Sala 72

Por: Laura Santamaría Buitrago

Las aspas de la brilladora sonaban, monótonas, contra la baldosa. Margarita la llevaba y traía en una repetición sin fin. Corrían ya los últimos viajeros con sus maletas engorrosas y sus chaquetas a medio poner, en una carrera frenética por volver a casa antes de las doce. El tráfico de Bogotá, monstruoso, amenazaba con hacerles perder la hazaña. 

El Dorado se iba vaciando mientras Margarita seguía en su rutina de limpiador con olor a pino. Empezó con las llegadas internacionales y, cuando cesaron los vuelos, continuó en el segundo piso, donde estaban las salas de espera. Tras despedirse de las oficiales de control que terminaban su turno, prendió la brilladora, que llenó el recinto solitario con su sonido de modorra. Una a una, Margarita fue recorriendo las salas. Recogió vasos sucios, recibos de compra, servilletas usadas y uno que otro objeto olvidado por un pasajero en medio del afán. 

Al llegar a la sala de espera número 72 vio que de pie, entre las sillas, estaba un hombre. Era alto, robusto y con barba profusa. Vestía todo de negro. El hombre miraba fijamente hacia una caja que tenía entre las manos. No llevaba equipaje. Margarita se quedó mirándolo a escondidas.
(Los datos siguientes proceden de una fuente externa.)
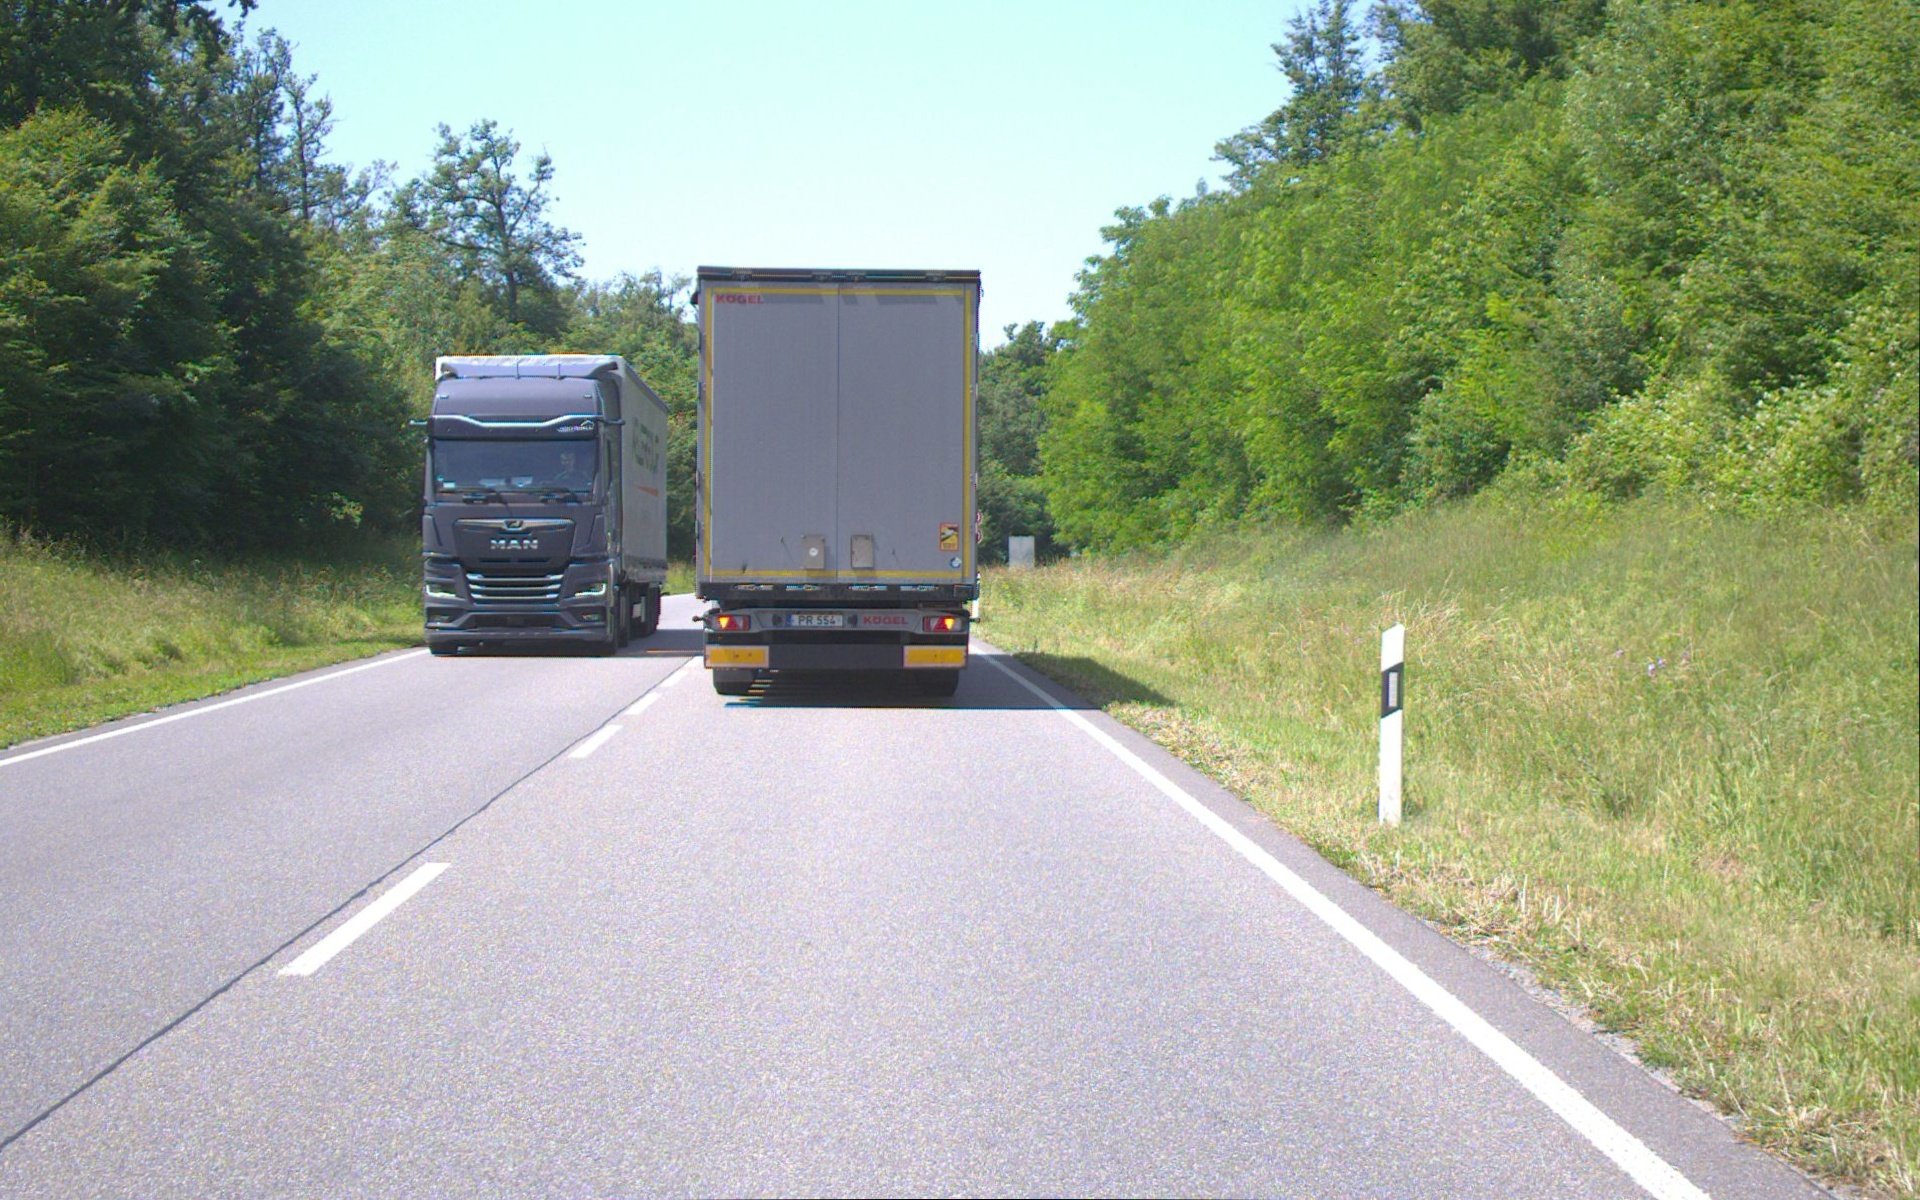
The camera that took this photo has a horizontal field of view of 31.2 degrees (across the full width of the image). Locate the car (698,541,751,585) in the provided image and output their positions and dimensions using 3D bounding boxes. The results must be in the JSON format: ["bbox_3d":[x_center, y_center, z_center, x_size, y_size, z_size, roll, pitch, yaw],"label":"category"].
[{"bbox_3d":[-8.227,-1.314,120.533,1.660,1.490,3.806,-1,1,-1],"label":"car"}]

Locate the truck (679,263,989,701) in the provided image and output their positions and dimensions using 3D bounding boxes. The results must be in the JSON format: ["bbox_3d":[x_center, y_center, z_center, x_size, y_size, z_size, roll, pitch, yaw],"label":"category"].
[{"bbox_3d":[-1.388,-1.161,36.998,2.761,3.933,12.199,0,1,-2],"label":"truck"}]

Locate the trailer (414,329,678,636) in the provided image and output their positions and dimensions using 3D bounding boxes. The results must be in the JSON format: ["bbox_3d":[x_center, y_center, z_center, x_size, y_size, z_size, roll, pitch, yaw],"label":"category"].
[{"bbox_3d":[-6.272,-1.754,54.279,2.941,4.238,13.621,0,1,-2],"label":"trailer"}]

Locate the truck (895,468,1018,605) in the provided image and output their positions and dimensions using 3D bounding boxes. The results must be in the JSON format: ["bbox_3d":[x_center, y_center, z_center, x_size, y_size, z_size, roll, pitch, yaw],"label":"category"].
[{"bbox_3d":[-0.258,-2.156,118.182,3.793,4.358,14.921,1,1,-1],"label":"truck"}]

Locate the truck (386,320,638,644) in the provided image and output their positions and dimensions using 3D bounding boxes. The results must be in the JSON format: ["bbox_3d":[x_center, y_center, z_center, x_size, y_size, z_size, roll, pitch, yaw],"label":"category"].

El hombre volteó hacia ella inmediatamente, como si la hubiese sentido llegar, y le hizo señas para que se acercara. Ella caminó sigilosa hacia él. Cuando estuvo en frente del sujeto, este le dijo, señalando la caja: -Tengo que entregar esto antes de las doce, Margarita. No sé si voy a lograr llegar, pero usted va a ayudarme-.

Ella se quedó mirando al hombre, atónita. Luego giró hacia una de las pantallas y vio que el reloj ya marcaba las once y cuarenta. Así que dejó de lado el aturdimiento, tomó al hombre del brazo y le pidió que la siguiera. Tenía un amigo taxista que siempre se estacionaba al final de la noche a las afueras del aeropuerto, esperando por un último viajero con dinero y afán suficientes. Tal vez él podría ayudarles.

Mientras caminaban, con prisa, el hombre le hablaba ansioso. Le contó que se extravió de dos compañeros que viajaban con él, quienes debían entregar dos cajas similares a la suya. Insistió en la importancia de cumplir con los tres encargos antes de las doce al mismo destinatario. Margarita prefirió no preguntar quién era.

Cuando llegaron a la salida, ya faltaban pocos minutos para la medianoche. Margarita, apiadada del desconocido, le pidió al hombre que la esperara en la puerta y fue corriendo al estacionamiento. Encontró al taxista tomando un tinto, recostado contra su vehículo amarillo. Margarita le explicó la situación y este estuvo de acuerdo en llevar al hombre.

Entretanto, dieron las doce. El sonido de la pólvora hizo retumbar los vidrios de El Dorado.

Margarita, apresurada, regresó a la puerta donde se quedó el hombre esperándola, pero solo encontró un montón de ropa y la caja encima. Recogió las cosas y se precipitó a buscarlo. Fue a los baños, a las tiendas de perfumes, a los cajeros automáticos, a los restaurantes, a las ventanillas de las aerolíneas. Nada. El hombre había desaparecido. 

Al no encontrarlo, volvió a la sala 72; tal vez el desconocido estaría allí, de pie entre las sillas. Esperó un rato, pero el hombre no regresaba y ella debía continuar con su turno, así que decidió abrir la caja. Con sigilo fue levantando la tapa, hasta que tuvo frente a sí la visión que la estremeció entera. Adentro de la caja brillaba oro, oro en estado puro. En una cantidad que, sabía, iba a transformar su vida. 

Miró hacia todos lados y no vio a nadie, tampoco al extraño sujeto dueño de la caja. Se levantó de la silla y continuó con su labor, como en cada noche. Cuando terminó, guardó la caja en su maleta, escondida entre el uniforme. Clareaba la madrugada del veinticinco de diciembre y  Margarita tomó un bus hacia su casa.